Attending to the whole life of Jesus might seem like a variant on the watered-down “Jesus as moral exemplar” theology, whose life “showed” more than his death and resurrection “did.” But that’s not the case here. The Catechism rightly reminds us that it was “especially at the end” of his life that Jesus suffered, but it also refuses to make an artificial distinction between Jesus’ ministry and his passion. Instead it holds together both “his whole life on earth” and “especially at the end.”

Jesus’ whole life, suffused as it was with suffering, is redemptive. Jesus didn’t spend thirty-three years wasting time and hanging out until he could finally suffer and die. A few years ago in Perspectives, Calvin College religion professor, Thomas Thompson strikingly suggested that today’s typical Christian “embraces too glib a conception of Christ’s atoning sacrifice…Go to the cross; go directly to the cross; do not pass go; do not collect 200 disciples; do not have a life or ministry…With a greater emphasis on Christ’s life as itself a life-of-sacrifice, we can assay his death not so disjunctively—as the isolated moment of salvation—but in better continuity with his life as epitomizing his sacrifice and obedience to God the Father’s will.”
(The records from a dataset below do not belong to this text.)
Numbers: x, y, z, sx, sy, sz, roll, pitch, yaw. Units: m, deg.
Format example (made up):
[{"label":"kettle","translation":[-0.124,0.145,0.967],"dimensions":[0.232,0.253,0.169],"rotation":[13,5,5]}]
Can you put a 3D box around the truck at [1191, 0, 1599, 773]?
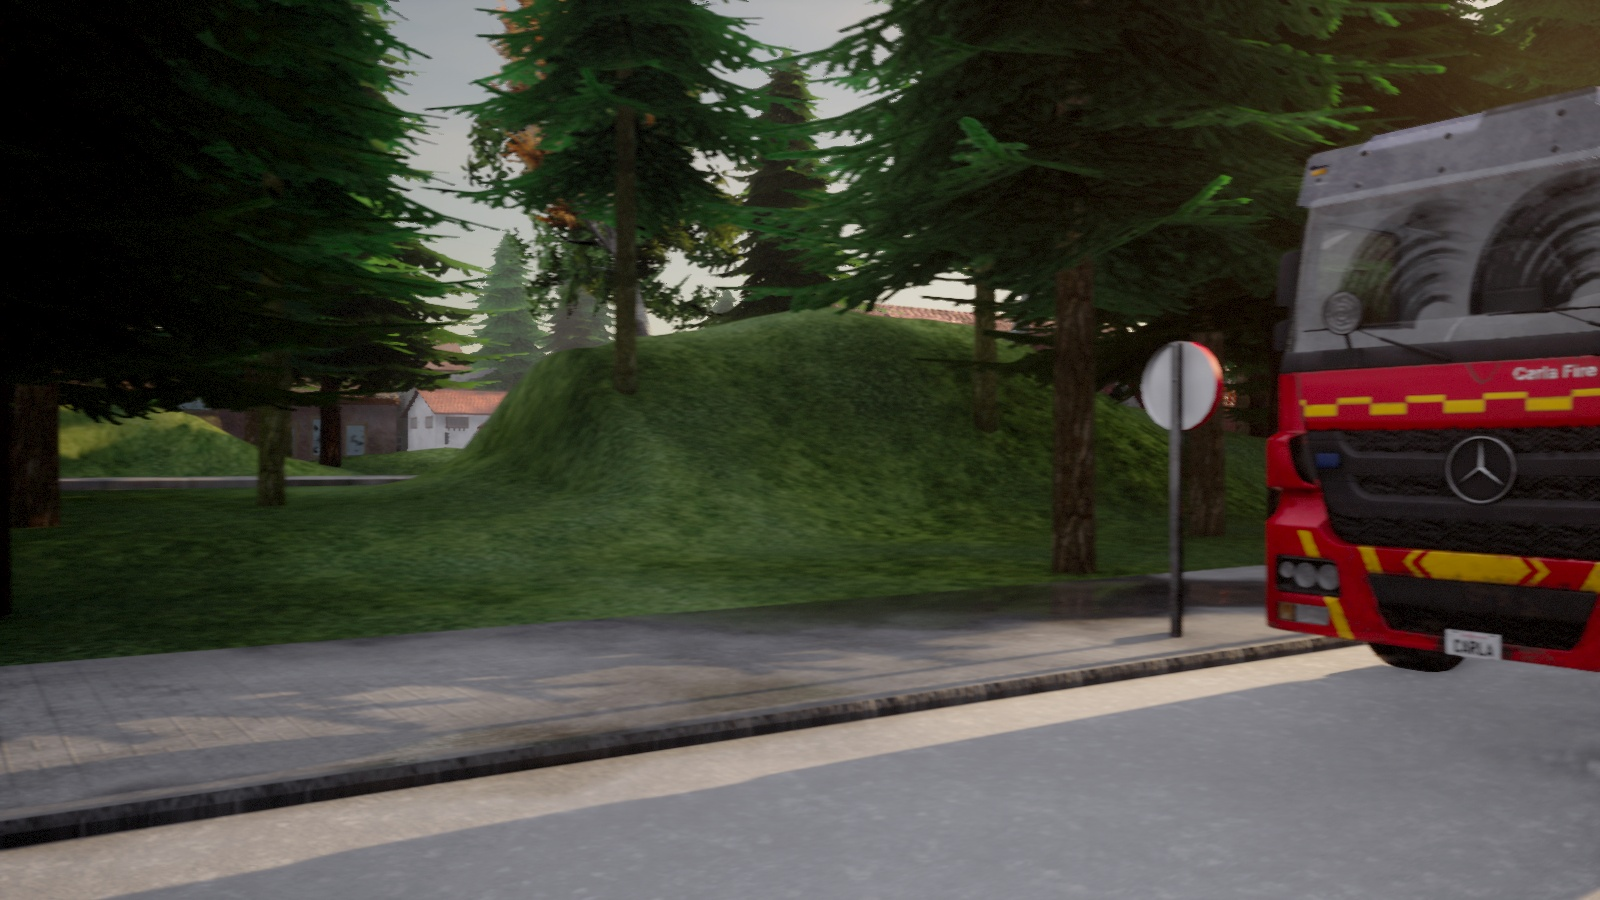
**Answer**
[{"label":"truck","translation":[6.703,-0.406,8.937],"dimensions":[8.468,3.827,2.891],"rotation":[0,0,-35]}]
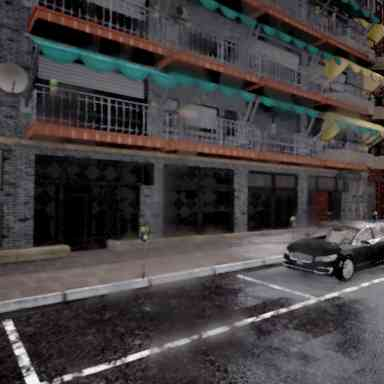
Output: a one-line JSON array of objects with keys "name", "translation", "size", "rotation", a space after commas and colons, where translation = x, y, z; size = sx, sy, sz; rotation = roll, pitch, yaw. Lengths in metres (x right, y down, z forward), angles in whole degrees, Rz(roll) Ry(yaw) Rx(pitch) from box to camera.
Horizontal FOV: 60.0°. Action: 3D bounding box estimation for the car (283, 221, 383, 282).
[{"name": "car", "translation": [4.550, 1.576, 9.810], "size": [4.403, 1.369, 2.008], "rotation": [0, 1, -36]}]
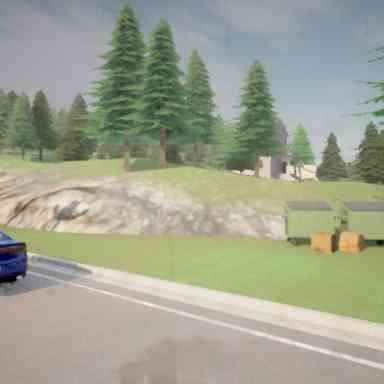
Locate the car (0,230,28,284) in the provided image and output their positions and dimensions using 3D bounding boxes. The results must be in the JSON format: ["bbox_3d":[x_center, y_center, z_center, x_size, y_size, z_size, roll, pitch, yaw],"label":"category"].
[{"bbox_3d":[-6.121,1.465,8.358,5.008,1.535,1.882,0,0,36],"label":"car"}]
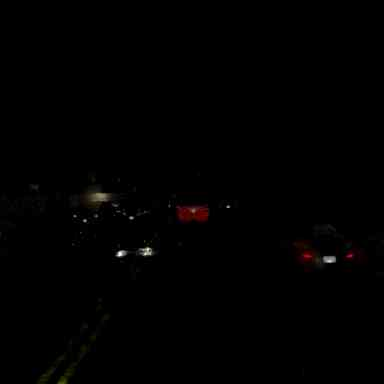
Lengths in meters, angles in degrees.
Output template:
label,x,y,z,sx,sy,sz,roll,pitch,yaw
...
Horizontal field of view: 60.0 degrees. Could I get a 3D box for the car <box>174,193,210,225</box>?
label,x,y,z,sx,sy,sz,roll,pitch,yaw
car,0.072,1.183,22.604,2.097,1.767,4.553,0,0,0

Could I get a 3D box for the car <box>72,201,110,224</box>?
label,x,y,z,sx,sy,sz,roll,pitch,yaw
car,-6.626,1.374,23.228,2.033,1.411,5.357,0,0,0

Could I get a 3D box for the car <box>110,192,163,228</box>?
label,x,y,z,sx,sy,sz,roll,pitch,yaw
car,-3.375,1.061,21.291,2.150,2.045,5.566,0,1,0

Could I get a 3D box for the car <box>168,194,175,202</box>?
label,x,y,z,sx,sy,sz,roll,pitch,yaw
car,-3.357,1.050,62.142,1.812,1.442,4.674,0,0,1

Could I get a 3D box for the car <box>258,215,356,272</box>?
label,x,y,z,sx,sy,sz,roll,pitch,yaw
car,3.337,1.448,10.372,1.812,1.442,4.674,0,0,0

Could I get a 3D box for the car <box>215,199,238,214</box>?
label,x,y,z,sx,sy,sz,roll,pitch,yaw
car,3.312,1.320,32.476,1.994,1.385,4.181,0,0,0

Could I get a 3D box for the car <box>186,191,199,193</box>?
label,x,y,z,sx,sy,sz,roll,pitch,yaw
car,0.054,0.919,40.384,2.150,2.045,5.566,0,1,0

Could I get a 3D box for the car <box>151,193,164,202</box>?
label,x,y,z,sx,sy,sz,roll,pitch,yaw
car,-6.601,1.004,64.181,2.128,1.511,4.902,0,0,0
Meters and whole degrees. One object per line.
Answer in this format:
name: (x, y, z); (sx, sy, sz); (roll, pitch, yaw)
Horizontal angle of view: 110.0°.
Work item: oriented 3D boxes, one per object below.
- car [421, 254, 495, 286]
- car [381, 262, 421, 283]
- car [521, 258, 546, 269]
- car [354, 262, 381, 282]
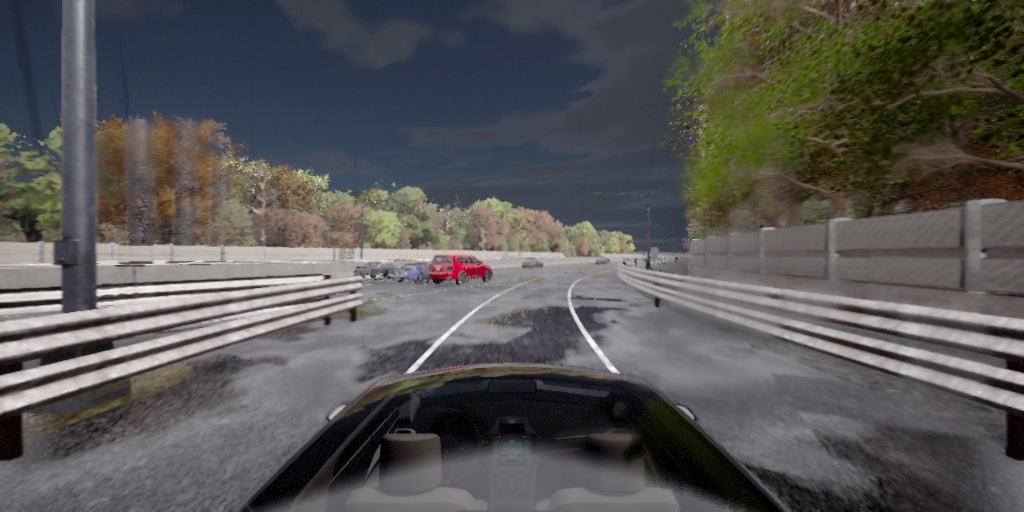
car: (-3.497, 0.912, 25.134); (2.150, 2.045, 5.566); (1, 0, 27)
car: (-6.723, 1.217, 26.547); (2.033, 1.411, 5.357); (0, 0, 27)
car: (3.210, 1.217, 54.158); (2.033, 1.411, 5.357); (0, 0, 27)
car: (-9.902, 1.171, 28.013); (2.128, 1.511, 4.902); (0, 0, 26)
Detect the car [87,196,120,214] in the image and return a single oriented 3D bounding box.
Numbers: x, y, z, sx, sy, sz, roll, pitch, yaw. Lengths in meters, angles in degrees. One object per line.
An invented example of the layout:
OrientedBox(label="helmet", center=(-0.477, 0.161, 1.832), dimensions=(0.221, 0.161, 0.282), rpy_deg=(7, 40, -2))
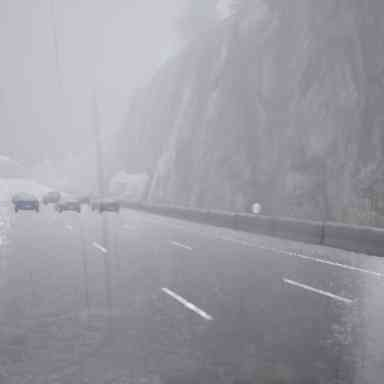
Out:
OrientedBox(label="car", center=(-8.679, 1.273, 33.198), dimensions=(1.882, 1.535, 5.008), rpy_deg=(3, 0, -29))

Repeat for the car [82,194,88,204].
OrientedBox(label="car", center=(-14.710, 0.988, 44.093), dimensions=(1.837, 1.490, 4.892), rpy_deg=(3, 1, -29))

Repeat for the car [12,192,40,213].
OrientedBox(label="car", center=(-14.948, 0.977, 30.089), dimensions=(1.882, 1.535, 5.008), rpy_deg=(3, 0, -29))

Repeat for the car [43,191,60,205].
OrientedBox(label="car", center=(-17.736, 0.689, 42.354), dimensions=(2.097, 1.767, 4.553), rpy_deg=(3, 0, -29))

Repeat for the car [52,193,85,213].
OrientedBox(label="car", center=(-11.787, 1.174, 31.579), dimensions=(1.812, 1.442, 4.674), rpy_deg=(3, 0, -29))
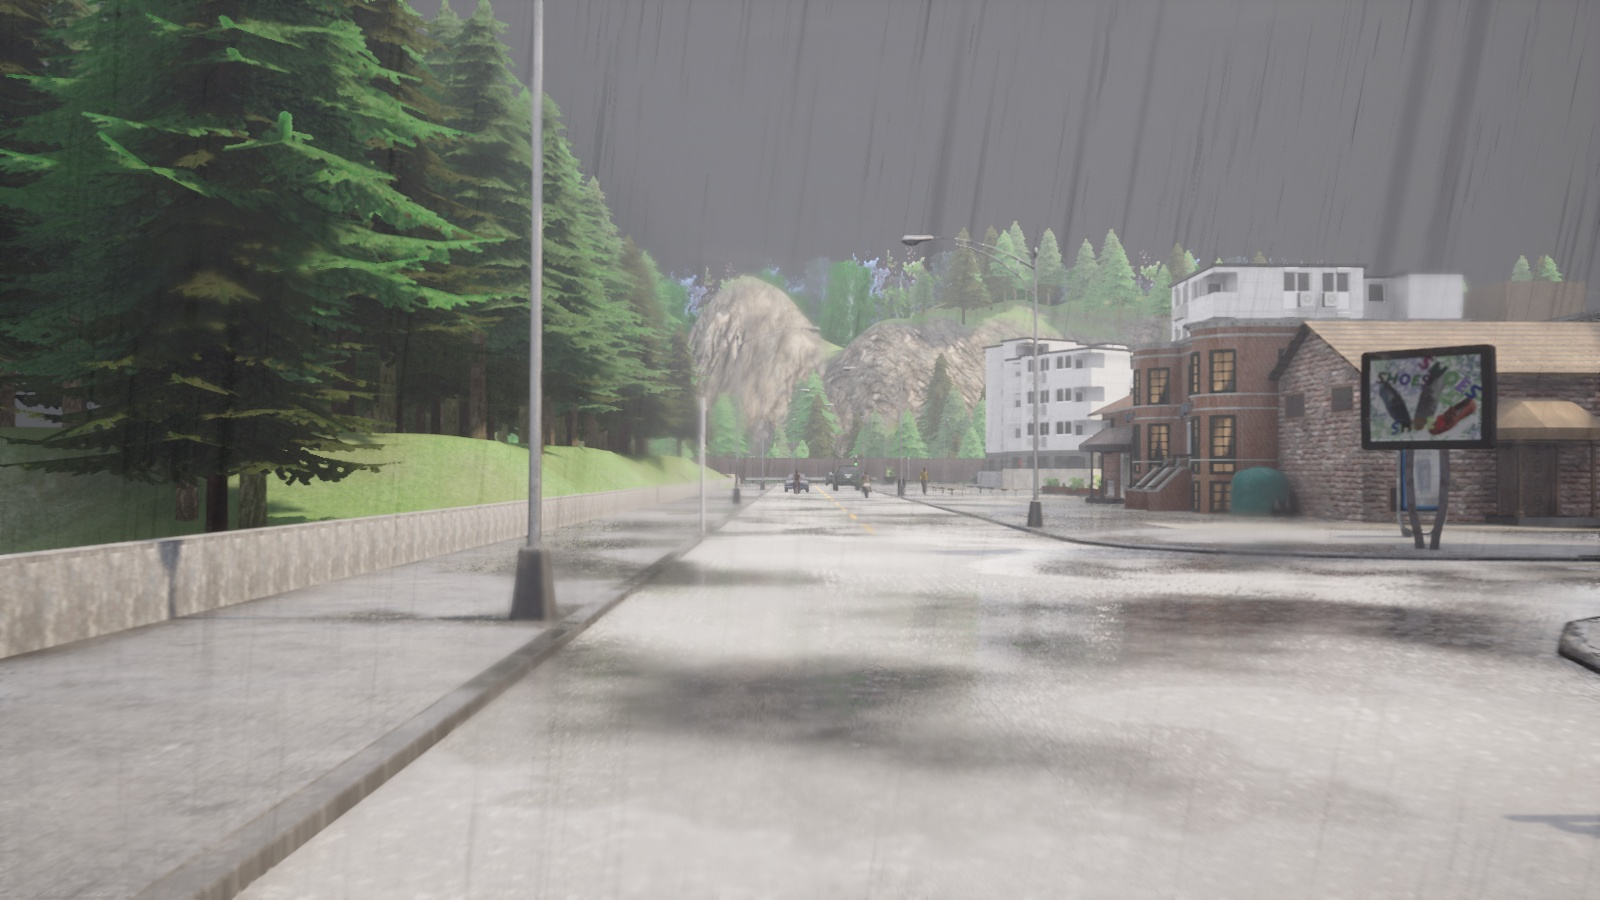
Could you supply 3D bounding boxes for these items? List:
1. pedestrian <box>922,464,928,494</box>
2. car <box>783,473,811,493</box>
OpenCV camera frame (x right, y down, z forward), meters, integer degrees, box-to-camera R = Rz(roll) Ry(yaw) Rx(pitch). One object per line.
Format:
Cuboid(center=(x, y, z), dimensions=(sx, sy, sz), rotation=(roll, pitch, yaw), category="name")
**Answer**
Cuboid(center=(7.643, 1.780, 76.800), dimensions=(0.370, 1.835, 0.726), rotation=(0, -1, 3), category="pedestrian")
Cuboid(center=(-0.216, 2.429, 93.532), dimensions=(2.033, 1.411, 5.357), rotation=(0, -1, 0), category="car")
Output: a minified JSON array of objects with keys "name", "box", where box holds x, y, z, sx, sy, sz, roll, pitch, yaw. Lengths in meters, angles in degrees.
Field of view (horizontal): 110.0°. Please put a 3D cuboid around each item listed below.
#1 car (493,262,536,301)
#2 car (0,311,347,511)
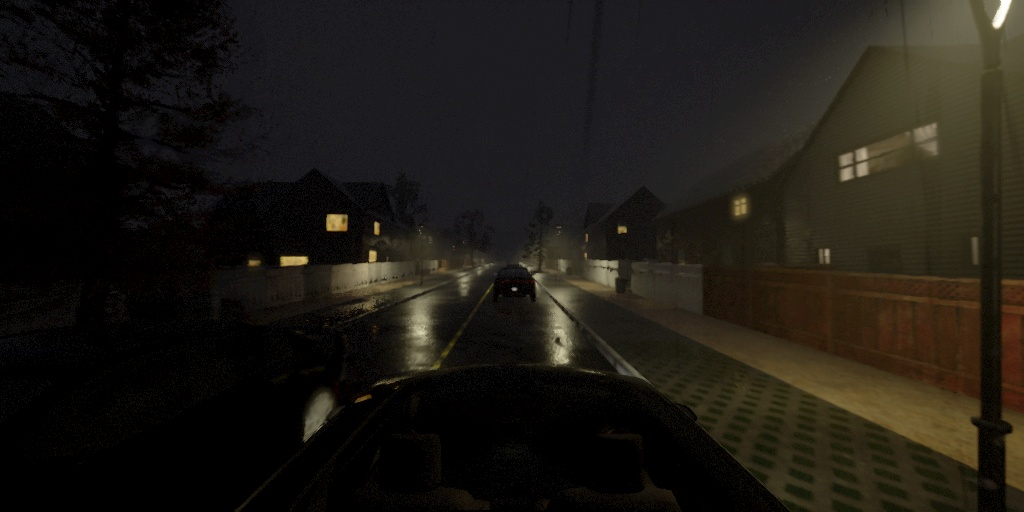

This week we focus on the end of Jesus’ life, events that are at the center of our faith. As I recite the creed, Pilate’s intrusive presence will remind me of the concrete particularity of Jesus’s suffering, during his whole life on earth, but especially at the end.

Steve Mathonnet-VanderWell

Steve Mathonnet-VanderWell and his wife, Sophie, are the pastors at the Second Reformed Church in Pella, Iowa. Steve has served on numerous Reformed Church commissions and task forces, and also edited the journal Perspectives for many years. Before coming to Iowa, he lived and served as a pastor in upstate New York. Sophie and he have two adult children. He holds a Ph.D. from Boston College in theological ethics.

2 Comments

  • Scott Hoezee says:

    I seriously like your punctuation suggestion!!

  • Jim Payton says:

    In the late 1970s, in my first pastorate, I read through Klaas Schilder’s trilogy on Christ as I completed preaching through the Gospel of Mark. Schilder’s first volume, “Christ Suffering,” helped me recognize the extent of his suffering during the course of his life, pre-trial and pre-crucifixion. It was all profoundly moving.